В кафетерии уже горел свет, и посетители торопливо пили кофе. Она пришла вовремя. Встала в толпу ожидающих и начала, как могла, протискиваться вперед. К тому времени, когда показался оркестр и музыканты принялись настраивать инструменты, она стояла у самого прохода. Оркестр заиграл, и с ней чуть не случилась истерика. Все вокруг начали петь.

Она тоже запела.

Скажи мне: я вижу

в пришедшем рассвете...

Только пока еще не было настоящего рассвета. Солнце еще не взошло. Как только оно покажется, огромный корабль исчезнет. Он будет наполнен людьми, и среди них - Уилл. Он также станет частицей того человеческого самопожертвования, которое утолит голод дракона и заставит его улететь.

А вот и жрецы, пасущие это стадо жертв. Жрецы в обыкновенных костюмах: президенты компаний, ученые, газетчики.

Прямо за ними двигались их пленники. Пять сотен голов, пятьсот пар рук и ног. Настолько одинаковые в своих белых комбинезонах, что не различить.

Один из них что-то сказал. Его имя было Уилл. Он заметил ее. Он сказал...

"Он ничего не знает. Он ненавидит меня. Он думает..." Она не могла вспомнить, что же такое он думает. Что-то очень плохое. Ужасное. Ведь она хотела рассказать ему. Объяснить. Сделать, чтобы все было понятно.

"Что же он мне сказал? Что он проговорил, когда проходил мимо?"

Она закрыла глаза и стала вспоминать его лицо, движения губ, стараясь не слышать ни шума вокруг, ни оркестра, ничего. Стараясь не отвлекаться. Она должна узнать по его губам, что он сказал. Она же знает их малейшие движения, все вместе и каждое в отдельности.
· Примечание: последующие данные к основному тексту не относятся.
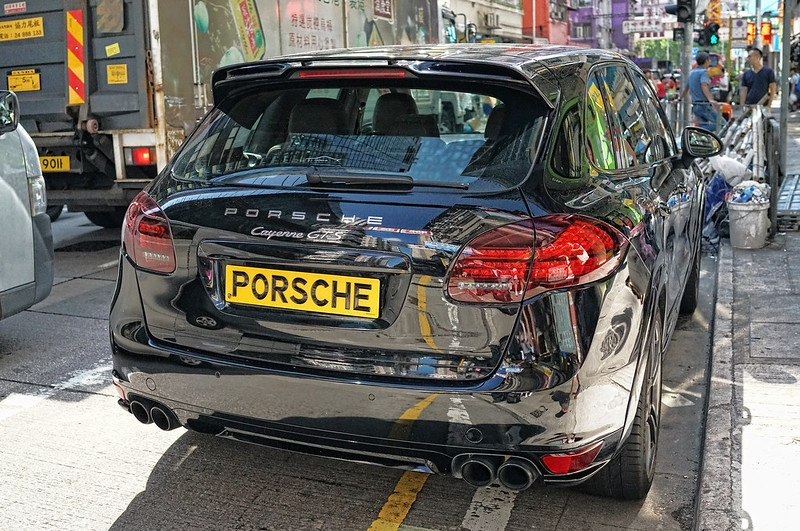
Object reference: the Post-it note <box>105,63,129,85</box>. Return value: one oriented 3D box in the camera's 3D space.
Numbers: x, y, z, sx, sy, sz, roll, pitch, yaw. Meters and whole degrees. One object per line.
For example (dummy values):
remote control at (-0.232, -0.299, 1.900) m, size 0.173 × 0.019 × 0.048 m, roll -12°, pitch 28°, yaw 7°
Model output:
Post-it note at (-3.407, -2.337, 7.677) m, size 0.275 × 0.235 × 0.031 m, roll 8°, pitch 18°, yaw 27°

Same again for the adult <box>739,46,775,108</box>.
adult at (9.046, -4.758, 15.955) m, size 0.639 × 1.397 × 1.439 m, roll 0°, pitch 17°, yaw 7°

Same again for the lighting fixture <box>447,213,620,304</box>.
lighting fixture at (0.574, -0.091, 2.875) m, size 1.112 × 0.293 × 0.592 m, roll -6°, pitch 13°, yaw -22°

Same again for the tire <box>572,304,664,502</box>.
tire at (0.990, 0.629, 2.910) m, size 0.305 × 0.901 × 0.910 m, roll 0°, pitch -15°, yaw 18°

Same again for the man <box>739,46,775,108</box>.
man at (9.037, -4.759, 15.959) m, size 0.629 × 1.397 × 1.420 m, roll 1°, pitch 17°, yaw 10°

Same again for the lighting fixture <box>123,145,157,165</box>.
lighting fixture at (-3.203, -1.375, 7.856) m, size 0.411 × 0.258 × 0.221 m, roll 2°, pitch 14°, yaw 10°

Первое слово было "малыш". Второе - "люблю". Но этого не могло быть! Он ее ненавидит. Она неправильно соединила произнесенные им звуки.

Заголосила сирена, и воздух наполнился грохотом. И люди закричали:

- Назад!

- Что вы делаете! Назад!

- Взрыв... нуль... назад!

Ее хватали за ноги, сжимали руки, но не могли удержать. Она освободилась. Побежала вперед. Быстрее, быстрее, чтобы ее не догнали.
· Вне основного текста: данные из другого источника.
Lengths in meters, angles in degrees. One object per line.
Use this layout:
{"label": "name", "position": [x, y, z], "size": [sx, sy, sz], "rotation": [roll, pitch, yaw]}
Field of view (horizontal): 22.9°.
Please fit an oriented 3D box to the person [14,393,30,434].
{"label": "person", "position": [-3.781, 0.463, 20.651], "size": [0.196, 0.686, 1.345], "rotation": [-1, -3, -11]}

Но уже никто не пытался ее догнать. Она должна была сделать так, чтобы он узнал. И узнать самой. Что он сказал... она сказала... можно сказать... нужно сказать.

- Малыш... люблю...

- Я люблю тебя, Уилл, - прошептала она, когда взрыв потряс воздух и бетон содрогнулся под ногами, возвещая о прощальном прыжке дракона. Затем пламя омыло ее и бросило на дрожащую землю. Она лежала ничком, устремив взгляд в сторону Уилла, который сейчас, несомненно, мог видеть ее сквозь пламя, на котором стоял.

И последней мыслью была счастливая уверенность: ему скажут. Он узнает.